State, as a single number, how many lines in the data below contain "angles".
=======
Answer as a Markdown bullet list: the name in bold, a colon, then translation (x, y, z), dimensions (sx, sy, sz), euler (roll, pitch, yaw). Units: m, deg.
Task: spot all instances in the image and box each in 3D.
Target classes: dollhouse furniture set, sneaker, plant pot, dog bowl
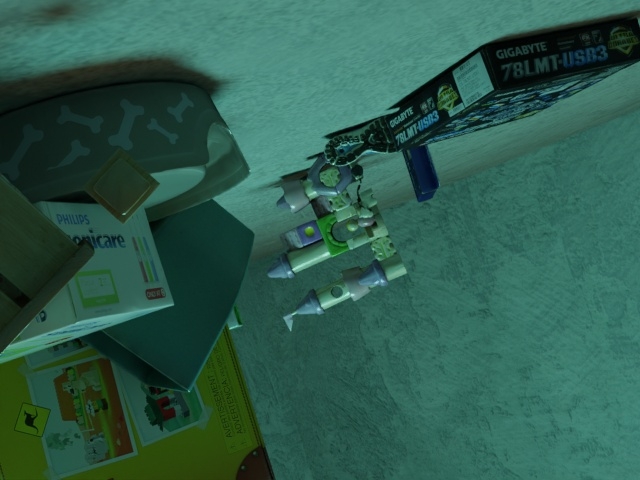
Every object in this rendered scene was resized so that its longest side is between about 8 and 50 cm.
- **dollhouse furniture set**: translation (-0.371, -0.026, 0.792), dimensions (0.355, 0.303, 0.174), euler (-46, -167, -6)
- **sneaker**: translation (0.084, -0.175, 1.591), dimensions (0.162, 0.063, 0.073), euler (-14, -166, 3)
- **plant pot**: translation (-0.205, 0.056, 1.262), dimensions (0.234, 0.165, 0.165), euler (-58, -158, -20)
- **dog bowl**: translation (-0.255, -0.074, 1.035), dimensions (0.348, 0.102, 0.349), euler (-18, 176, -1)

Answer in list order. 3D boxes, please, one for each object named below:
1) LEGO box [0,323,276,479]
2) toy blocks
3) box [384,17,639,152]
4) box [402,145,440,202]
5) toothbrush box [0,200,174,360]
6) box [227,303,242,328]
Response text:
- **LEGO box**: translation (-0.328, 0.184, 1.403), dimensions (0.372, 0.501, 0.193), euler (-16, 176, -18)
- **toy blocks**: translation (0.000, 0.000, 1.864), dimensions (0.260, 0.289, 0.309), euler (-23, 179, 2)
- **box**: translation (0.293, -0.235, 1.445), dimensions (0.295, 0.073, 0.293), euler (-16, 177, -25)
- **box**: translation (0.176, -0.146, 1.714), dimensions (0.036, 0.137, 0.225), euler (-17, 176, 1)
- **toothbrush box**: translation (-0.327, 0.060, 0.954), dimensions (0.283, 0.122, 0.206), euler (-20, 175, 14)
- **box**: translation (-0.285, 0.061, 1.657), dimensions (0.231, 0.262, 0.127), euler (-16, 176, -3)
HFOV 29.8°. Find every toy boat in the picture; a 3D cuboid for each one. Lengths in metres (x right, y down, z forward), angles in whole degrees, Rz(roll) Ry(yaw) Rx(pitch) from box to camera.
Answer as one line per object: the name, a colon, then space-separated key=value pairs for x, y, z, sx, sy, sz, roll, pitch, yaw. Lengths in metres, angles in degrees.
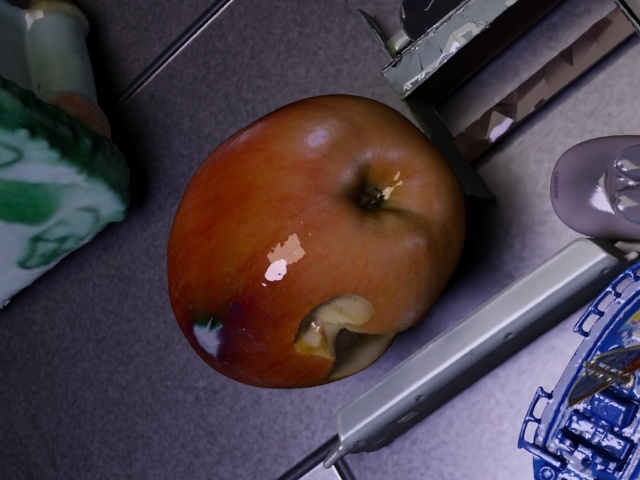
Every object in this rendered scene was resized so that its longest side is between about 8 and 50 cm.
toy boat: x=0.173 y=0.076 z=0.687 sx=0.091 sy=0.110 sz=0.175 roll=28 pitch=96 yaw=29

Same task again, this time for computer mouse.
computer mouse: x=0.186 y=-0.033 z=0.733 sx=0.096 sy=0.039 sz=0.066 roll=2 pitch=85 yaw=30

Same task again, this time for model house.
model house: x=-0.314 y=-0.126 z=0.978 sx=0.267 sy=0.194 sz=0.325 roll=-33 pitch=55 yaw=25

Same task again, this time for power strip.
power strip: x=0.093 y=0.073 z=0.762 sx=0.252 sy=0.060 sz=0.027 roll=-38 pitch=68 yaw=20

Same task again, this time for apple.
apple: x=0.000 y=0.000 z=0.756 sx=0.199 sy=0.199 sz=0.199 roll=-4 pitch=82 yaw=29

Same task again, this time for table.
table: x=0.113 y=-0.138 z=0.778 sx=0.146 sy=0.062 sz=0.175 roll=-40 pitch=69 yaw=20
=======
ANSWER FOR THIS EXERCISE:
2